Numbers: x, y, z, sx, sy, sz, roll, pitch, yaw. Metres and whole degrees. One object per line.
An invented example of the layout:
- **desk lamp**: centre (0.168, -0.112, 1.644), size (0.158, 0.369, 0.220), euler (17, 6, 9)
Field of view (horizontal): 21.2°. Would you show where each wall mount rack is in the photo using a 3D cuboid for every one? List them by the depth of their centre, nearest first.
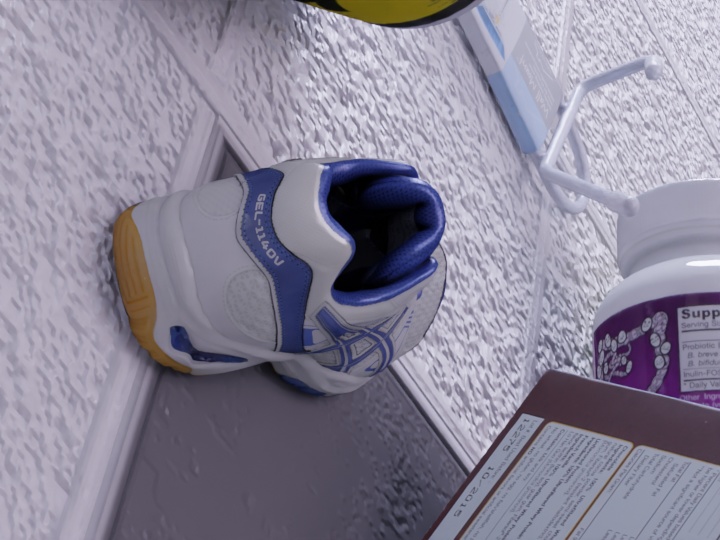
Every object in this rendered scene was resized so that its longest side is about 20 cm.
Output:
- **wall mount rack**: centre (0.092, -0.110, 0.944), size (0.200, 0.074, 0.174), euler (61, 28, -22)

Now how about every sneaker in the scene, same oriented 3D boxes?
- **sneaker**: centre (0.000, 0.000, 0.677), size (0.200, 0.088, 0.076), euler (-4, 76, -65)

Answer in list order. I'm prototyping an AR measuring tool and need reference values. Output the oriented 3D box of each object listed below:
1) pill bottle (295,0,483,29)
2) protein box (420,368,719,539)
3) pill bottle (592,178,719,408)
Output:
- **pill bottle**: centre (-0.020, -0.157, 0.704), size (0.200, 0.114, 0.115), euler (4, 71, -63)
- **protein box**: centre (0.145, 0.163, 0.689), size (0.135, 0.200, 0.199), euler (-51, 126, -22)
- **pill bottle**: centre (0.164, 0.064, 0.896), size (0.112, 0.112, 0.201), euler (37, 47, -51)
━━━
→ **About this exercise**: Your answer should be the lines of the records that hold the string "each".

→ **Answer box**:
Field of view (horizontal): 21.2°. Would you show where each wall mount rack is in the photo using a 3D cuboid for every one? List them by the depth of their centre, nearest first.
Answer in list order. I'm prototyping an AR measuring tool and need reference values. Output the oriented 3D box of each object listed below:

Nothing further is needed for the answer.